+++ Material provided
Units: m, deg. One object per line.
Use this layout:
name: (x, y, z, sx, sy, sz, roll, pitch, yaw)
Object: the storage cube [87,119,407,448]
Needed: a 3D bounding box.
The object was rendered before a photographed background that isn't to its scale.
++++++
+++ Material provided
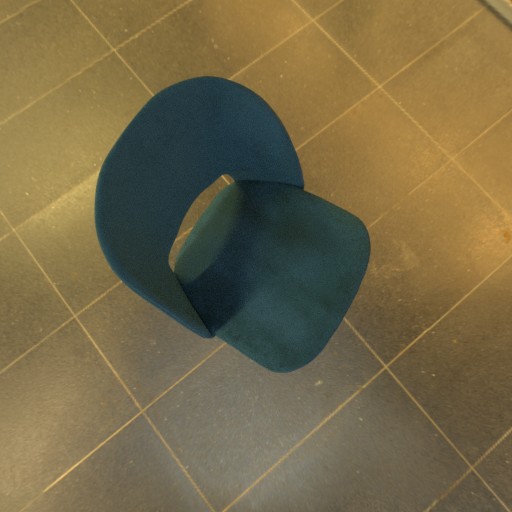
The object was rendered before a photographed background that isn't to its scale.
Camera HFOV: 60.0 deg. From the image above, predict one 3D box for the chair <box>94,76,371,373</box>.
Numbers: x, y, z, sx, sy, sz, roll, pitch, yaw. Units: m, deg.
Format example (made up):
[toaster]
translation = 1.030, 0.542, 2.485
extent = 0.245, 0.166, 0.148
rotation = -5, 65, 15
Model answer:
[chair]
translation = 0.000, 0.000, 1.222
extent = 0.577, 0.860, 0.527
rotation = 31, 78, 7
++++++
● **The task**:
Copy every line where the word "roll" is present in the entries above.

● **Solved exercise**:
name: (x, y, z, sx, sy, sz, roll, pitch, yaw)
Numbers: x, y, z, sx, sy, sz, roll, pitch, yaw. Units: m, deg.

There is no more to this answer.